CI, confidence interval; AOR, adjusted odds ratio; BMI, body mass index; COR, crude odds ratio; HC, hip circumference; MetS, metabolic syndrome; WC, waist circumference.
Figure 1
Table 3
| Variables | H. pylori status | Total | ||||
|---|---|---|---|---|---|---|
| Positive | Negative | |||||
| N (%) | 95% CI | N (%) | 95% CI | N (%) | 95% CI | |
| Low HDL-C | 52(45.6) | 36.3–55.2 | 54(47.4) | 37.9–56.9 | 106(46.5) | 39.9–53.2 |
| SBP ≥ 130 mmHg | 24(21.1) | 14–29.7 | 19(16.7) | 10.3–24.8 | 43(18.9) | 14–24.6 |
| DBP ≥ 85 mmHg | 29(25.4) | 17.7–34.4 | 15(13.2 | 7.6–20.8 | 44(19.3) | 14.4–25.0 |
| Hypertriglyceridemia | 12(10.5) | 5.6–11.7 | 8(7.0) | 3.1–13.4 | 20(8.8) | 5.4–13.2 |
| Hyperglycemia | 32(28.1) | 20.1–37.3 | 22(19.3) | 12.5–27.5 | 54(23.7) | 18.3–29.7 |
| WC ≥ 94 cm for men or ≥80 cm for women | 11(9.6) | 4.9–16.6 | 5(4.4) | 1.4–9.9) | 16(7.0) | 4.1–11.1 |
| MetS | 31(27.2) | 19.3–37.3 | 22(19.3) | 12.5–27.7 | 53(23.2) | 17.9–29.3 |
MetS among H. pylori-positive and H. pylori-negative patients (N=228 at THMGH, Northeast Ethiopia, 2022).

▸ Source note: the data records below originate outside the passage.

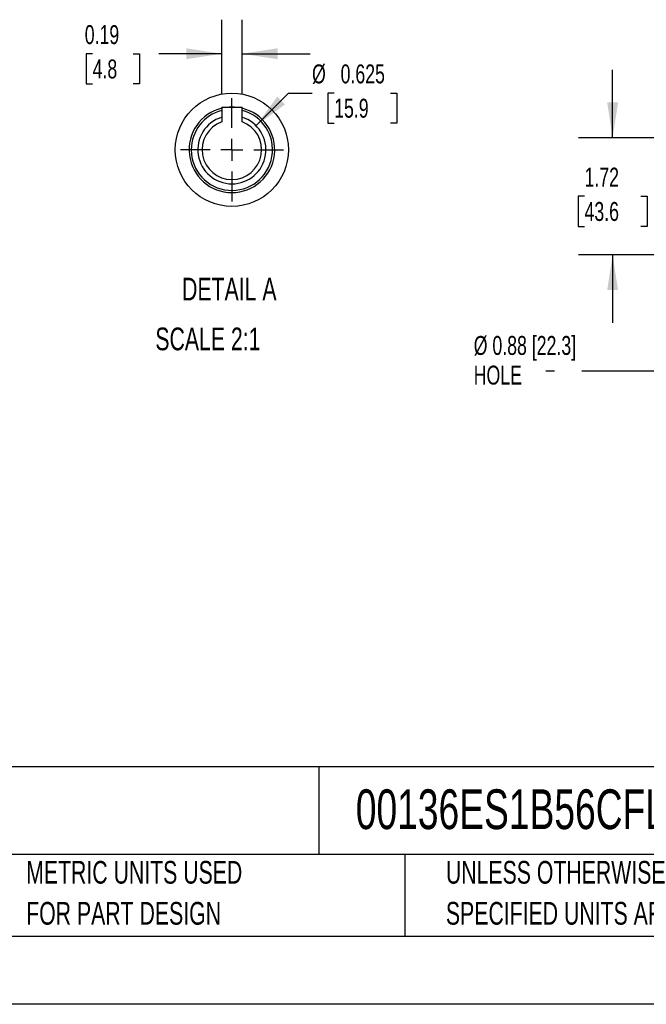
# Model space of a CAD drawing. Header units: inches. Extents: x 0 to 11, y 0 to 8.5.
# Tile 7 of 16: x 5 to 7.3, y 0 to 3.6. Entities that reach past the tile are written whole.
import ezdxf

# ---------------------------------------------------------------- set-up
doc = ezdxf.new("R2010")
doc.units = ezdxf.units.IN
doc.header["$MEASUREMENT"] = 0
doc.linetypes.add('CENTERX2', pattern=[0.8, 0.5, -0.1, 0.1, -0.1])
doc.layers.add('CENTER', color=40, linetype='CENTERX2')
doc.layers.add('SLD-DEFPOINTS', color=7, linetype='Continuous')
doc.layers.add('DIMENSIONS', color=140, linetype='Continuous', lineweight=25)
doc.layers.add('TEXT', color=140, linetype='Continuous', lineweight=25)
doc.styles.add('SLDTEXTSTYLE0', font='TXT', dxfattribs={"width": 0.7})
doc.dimstyles.new('SLDDIMSTYLE3', dxfattribs={"dimtxt": 0.069444, "dimasz": 0.13, "dimexe": 0, "dimexo": 0.0625, "dimgap": 0.017361, "dimtad": 0, "dimtih": 1, "dimtoh": 1, "dimlfac": 4, "dimrnd": 1e-09, "dimzin": 12, "dimdsep": 46, "dimtxsty": 'SLDTEXTSTYLE0', "dimsah": 1, "dimcen": 0.09, "dimadec": 0, "dimazin": 3, "dimtfac": 1, "dimtmove": 0, "dimatfit": 0, "dimfxl": 0, "dimfrac": 2, "dimtolj": 1, "dimtzin": 12, "dimarcsym": 0})
doc.dimstyles.new('SLDDIMSTYLE4', dxfattribs={"dimtxt": 0.18, "dimasz": 0.13, "dimexe": 0, "dimexo": 0.0625, "dimgap": 0, "dimtad": 0, "dimtih": 1, "dimtoh": 1, "dimdec": 0, "dimrnd": 1e-09, "dimzin": 0, "dimdsep": 46, "dimtxsty": 'Standard', "dimsah": 1, "dimcen": 0.09, "dimadec": 0, "dimazin": 0, "dimtfac": 0.13, "dimtdec": 0, "dimtofl": 0, "dimtmove": 0, "dimatfit": 3, "dimfxl": 0, "dimfrac": 2, "dimtolj": 1, "dimtzin": 0, "dimarcsym": 0})
doc.dimstyles.new('SLDDIMSTYLE8', dxfattribs={"dimtxt": 0.069444, "dimasz": 0.13, "dimexe": 0, "dimexo": 0.0625, "dimgap": 0.017361, "dimtad": 0, "dimtih": 1, "dimtoh": 1, "dimlfac": 2.5, "dimrnd": 1e-09, "dimdsep": 46, "dimtxsty": 'SLDTEXTSTYLE0', "dimsah": 1, "dimcen": 0.09, "dimadec": 0, "dimazin": 2, "dimtfac": 1, "dimtmove": 0, "dimatfit": 0, "dimfxl": 0, "dimfrac": 2, "dimtolj": 1, "dimtzin": 12, "dimarcsym": 0})
doc.dimstyles.new('SLDDIMSTYLE9', dxfattribs={"dimtxt": 0.069444, "dimasz": 0.13, "dimexe": 0, "dimexo": 0.0625, "dimgap": 0.017361, "dimtad": 0, "dimtih": 1, "dimtoh": 1, "dimdec": 3, "dimlfac": 2.5, "dimrnd": 1e-09, "dimdsep": 46, "dimtxsty": 'SLDTEXTSTYLE0', "dimsah": 1, "dimcen": 0, "dimadec": 0, "dimazin": 2, "dimtfac": 1, "dimtdec": 3, "dimtofl": 0, "dimtmove": 0, "dimatfit": 3, "dimfxl": 0, "dimfrac": 2, "dimtolj": 1, "dimtzin": 12, "dimarcsym": 0})

# ---------------------------------------------------------------- blocks, each defined once
blk = doc.blocks.new('SW_NOTE_0')
at = {"layer": 'TEXT', "color": 0, "linetype": 'CENTERX2', "lineweight": 18, "char_height": 0.083333, "attachment_point": 1, "style": 'SLDTEXTSTYLE0'}
for s, insert in [('WEG ELECTRIC S SERIES STANDARD EFFICIENCY AC INDUCTION MOTOR, GENERAL PURPOSE, 1HP,', (0, 0.1074)), ('1-PH, 115/208-230 VAC, 3600RPM, TEFC, 56C FRAME, ROLLED STEEL, C-FACE ONLY MOUNT', (0, -0.0431))]:
    blk.add_mtext(s, dxfattribs=dict(at, insert=insert))
blk = doc.blocks.new('SW_NOTE_0_2')
at = {"layer": 'TEXT', "color": 0, "linetype": 'CENTERX2', "lineweight": 18, "char_height": 0.083333, "attachment_point": 1, "style": 'SLDTEXTSTYLE0'}
for s, insert in [('UNLESS OTHERWISE', (0, 0.1074)), ('SPECIFIED UNITS ARE:', (0, -0.0431))]:
    blk.add_mtext(s, dxfattribs=dict(at, insert=insert))
blk = doc.blocks.new('SW_NOTE_0_6')
at = {"layer": 'TEXT', "color": 0, "linetype": 'CENTERX2', "lineweight": 18, "char_height": 0.083333, "attachment_point": 1, "style": 'SLDTEXTSTYLE0'}
for s, insert in [('METRIC UNITS USED', (0, 0.1074)), ('FOR PART DESIGN', (0, -0.0431))]:
    blk.add_mtext(s, dxfattribs=dict(at, insert=insert))
blk = doc.blocks.new('_D_9')
at = {"layer": 'DIMENSIONS'}
for p, q in [((7.2107, 3.1795), (7.2107, 3.4295)), ((8.2353, 3.1795), (7.0857, 3.1795)), ((7.1075, 2.9649), (7.0841, 2.9649)), ((7.0841, 2.9649), (7.0841, 2.8545)), ((7.3139, 2.9649), (7.3372, 2.9649)), ((7.3372, 2.9649), (7.3372, 2.8545)), ((7.0841, 2.8545), (7.1075, 2.8545)), ((7.3372, 2.8545), (7.3139, 2.8545)), ((7.5896, 2.7506), (7.0857, 2.7506)), ((7.2107, 2.7506), (7.2107, 2.5006))]:
    blk.add_line(p, q, dxfattribs=at)
for points in [[(7.2107, 3.1795), (7.2307, 3.3095), (7.1907, 3.3095)], [(7.2107, 2.7506), (7.1907, 2.6206), (7.2307, 2.6206)]]:
    blk.add_solid(points, dxfattribs=at)
at = {"layer": 'DIMENSIONS', "char_height": 0.06944, "attachment_point": 1, "style": 'SLDTEXTSTYLE0'}
for s, insert in [('1.72', (7.1075, 3.07)), ('43.6', (7.1075, 2.944))]:
    blk.add_mtext(s, dxfattribs=dict(at, insert=insert))
blk = doc.blocks.new('SW_NOTE_0_8')
at = {"layer": 'TEXT', "color": 0, "linetype": 'CENTERX2', "lineweight": 18, "attachment_point": 1, "style": 'SLDTEXTSTYLE0'}
for s, insert, char_height in [('Ø 0.88 [22.3]', (-0.2642, 0.1293), 0.069444), ('HOLE', (-0.2642, 0.0205), 0.06944)]:
    blk.add_mtext(s, dxfattribs=dict(at, insert=insert, char_height=char_height))
blk = doc.blocks.new('_D_17')
at = {"layer": 'DIMENSIONS'}
for p, q in [((5.7757, 3.3424), (5.7757, 3.613)), ((5.8507, 3.3424), (5.8507, 3.613)), ((5.302, 3.4878), (5.2787, 3.4878)), ((5.2787, 3.4878), (5.2787, 3.3774)), ((5.4506, 3.4878), (5.474, 3.4878)), ((5.474, 3.4878), (5.474, 3.3774)), ((5.7757, 3.488), (5.5448, 3.488)), ((5.8507, 3.488), (6.1007, 3.488)), ((5.2787, 3.3774), (5.302, 3.3774)), ((5.474, 3.3774), (5.4506, 3.3774))]:
    blk.add_line(p, q, dxfattribs=at)
for points in [[(5.7757, 3.488), (5.6457, 3.508), (5.6457, 3.468)], [(5.8507, 3.488), (5.9807, 3.468), (5.9807, 3.508)]]:
    blk.add_solid(points, dxfattribs=at)
at = {"layer": 'DIMENSIONS', "char_height": 0.06944, "attachment_point": 1, "style": 'SLDTEXTSTYLE0'}
for s, insert in [('0.19', (5.2731, 3.5929)), ('4.8', (5.302, 3.4669))]:
    blk.add_mtext(s, dxfattribs=dict(at, insert=insert))
blk = doc.blocks.new('_D_18')
at = {"layer": 'DIMENSIONS'}
for p, q in [((5.9016, 3.224), (6.0214, 3.3438)), ((6.0214, 3.3438), (6.1073, 3.3438)), ((6.1886, 3.3438), (6.1653, 3.3438)), ((6.1653, 3.3438), (6.1653, 3.2333)), ((6.395, 3.3438), (6.4183, 3.3438)), ((6.4183, 3.3438), (6.4183, 3.2333)), ((6.1653, 3.2333), (6.1886, 3.2333)), ((6.4183, 3.2333), (6.395, 3.2333))]:
    blk.add_line(p, q, dxfattribs=at)
blk.add_solid([(5.9016, 3.224), (6.0077, 3.3018), (5.9794, 3.3301)], dxfattribs=at)
at = {"layer": 'DIMENSIONS', "char_height": 0.06944, "attachment_point": 1, "style": 'SLDTEXTSTYLE0'}
for s, insert in [('%%c', (6.1073, 3.4488)), ('0.625', (6.2122, 3.4488)), ('15.9', (6.1886, 3.3229))]:
    blk.add_mtext(s, dxfattribs=dict(at, insert=insert))
blk = doc.blocks.new('SW_CENTERMARKSYMBOL_5')
at = {"layer": 'CENTER', "color": 0}
for p, q in [((0, 0.08), (0, 0.1892)), ((0, 0), (0, 0.04)), ((-0.08, 0), (-0.1892, 0)), ((0, 0), (-0.04, 0)), ((0, 0), (0, -0.04)), ((0, 0), (0.04, 0)), ((0.08, 0), (0.1892, 0)), ((0, -0.08), (0, -0.1892))]:
    blk.add_line(p, q, dxfattribs=at)

msp = doc.modelspace()

# ---------------------------------------------------------------- linework, layer by layer
for p, q in [((5.77573, 3.29241), (5.77573, 3.23826)), ((5.77573, 3.29241), (5.85072, 3.29241)), ((5.81323, 3.29273), (5.80316, 3.29241)), ((5.82329, 3.29241), (5.81323, 3.29273)), ((5.85072, 3.23826), (5.85072, 3.29241))]:
    msp.add_line(p, q)
at = {"color": 7, "linetype": 'Continuous'}
msp.add_line((11.0001, 0.00011), (0.0001, 0.00011), dxfattribs=at)
for radius, start, end in [(0.15709, 103.80964, 76.19036), (0.14921, 104.55404, 180), (0.14921, 180, 75.44597), (0.125, 107.45572, 72.54428), (0.10925, 110.0724, 69.9276)]:
    msp.add_arc((5.81323, 3.13565), radius, start, end)
at = {"layer": 'SLD-DEFPOINTS'}
msp.add_circle((5.81323, 3.13564), 0.20768, dxfattribs=at)
at = {"layer": 'TEXT'}
for p, q in [((10.75, 0.87111), (0.25, 0.87111)), ((6.13224, 0.87111), (6.13224, 0.55)), ((10.75, 0.55), (0.25, 0.55)), ((6.44804, 0.55), (6.44804, 0.25)), ((0.25, 0.25), (10.75, 0.25))]:
    msp.add_line(p, q, dxfattribs=at)

# ---------------------------------------------------------------- block references
at = {"layer": 'CENTER'}
msp.add_blockref('SW_CENTERMARKSYMBOL_5', (5.81323, 3.13565), dxfattribs=at)
at = {"layer": 'TEXT', "linetype": 'CENTERX2', "lineweight": 18}
for name, p in [('SW_NOTE_0_8', (6.96502, 2.32308)), ('SW_NOTE_0', (0.30387, 0.72191)), ('SW_NOTE_0_6', (5.0582, 0.41872)), ('SW_NOTE_0_2', (6.59874, 0.41872))]:
    msp.add_blockref(name, p, dxfattribs=at)

# ---------------------------------------------------------------- texts
at = {"layer": 'TEXT', "linetype": 'CENTERX2', "lineweight": 18, "style": 'SLDTEXTSTYLE0'}
for s, insert, char_height, attachment_point in [('DETAIL A', (5.80379, 2.66623), 0.083333, 2), ('SCALE 2:1', (5.53225, 2.48335), 0.083333, 1), ('00136ES1B56CFL-S', (6.26802, 0.78882), 0.1458333, 1)]:
    msp.add_mtext(s, dxfattribs=dict(at, insert=insert, char_height=char_height, attachment_point=attachment_point))

# ---------------------------------------------------------------- dimensions: what is measured, and where the dimension line sits
at = {"layer": 'DIMENSIONS'}
dim = msp.add_linear_dim(base=(5.85072, 3.48796), p1=(5.77573, 3.29241), p2=(5.85072, 3.29241), dimstyle='SLDDIMSTYLE8', dxfattribs=at)
dim.commit()
dim.dimension.update_dxf_attribs({"geometry": '_D_17', "text_midpoint": (5.37633, 3.48796), "dimtype": 160})
dim = msp.add_diameter_dim_2p(p1=(5.72484, 3.04726), p2=(5.90161, 3.22403), dimstyle='SLDDIMSTYLE9', dxfattribs=at)
dim.commit()
dim.dimension.update_dxf_attribs({"geometry": '_D_18', "text_midpoint": (6.2918, 3.34377), "dimtype": 163})
dim = msp.add_linear_dim(base=(7.21068, 3.17953), p1=(7.63959, 2.75063), p2=(8.28528, 3.17953), angle=90, dimstyle='SLDDIMSTYLE3', dxfattribs=at)
dim.commit()
dim.dimension.update_dxf_attribs({"geometry": '_D_9', "text_midpoint": (7.21068, 2.96508), "dimtype": 160})

# ---------------------------------------------------------------- leaders
at = {"layer": 'TEXT', "linetype": 'CENTERX2', "lineweight": 18}
msp.add_leader([(7.71995, 2.73267), (7.59793, 2.32308), (6.96502, 2.32308)], dimstyle='SLDDIMSTYLE4', dxfattribs=at)

doc.saveas('drawing.dxf')

CI, confidence interval; HDL, high-density lipoprotein; LDL, low-density lipoprotein; MetS, metabolic syndrome.
Figure 2
Factors associated with MetS
In bivariate analysis, marital status, education status, occupation, and hyperglycemia were found to have statistically significant associations with MetS (p < 0.05). However, in the multivariable analysis, only fasting blood glucose (FPG) and marital status showed a statistically significant association with MetS. In addition, our analysis did not find a statistically significant association between H. pylori status and the frequency of metabolic syndrome (Table 2).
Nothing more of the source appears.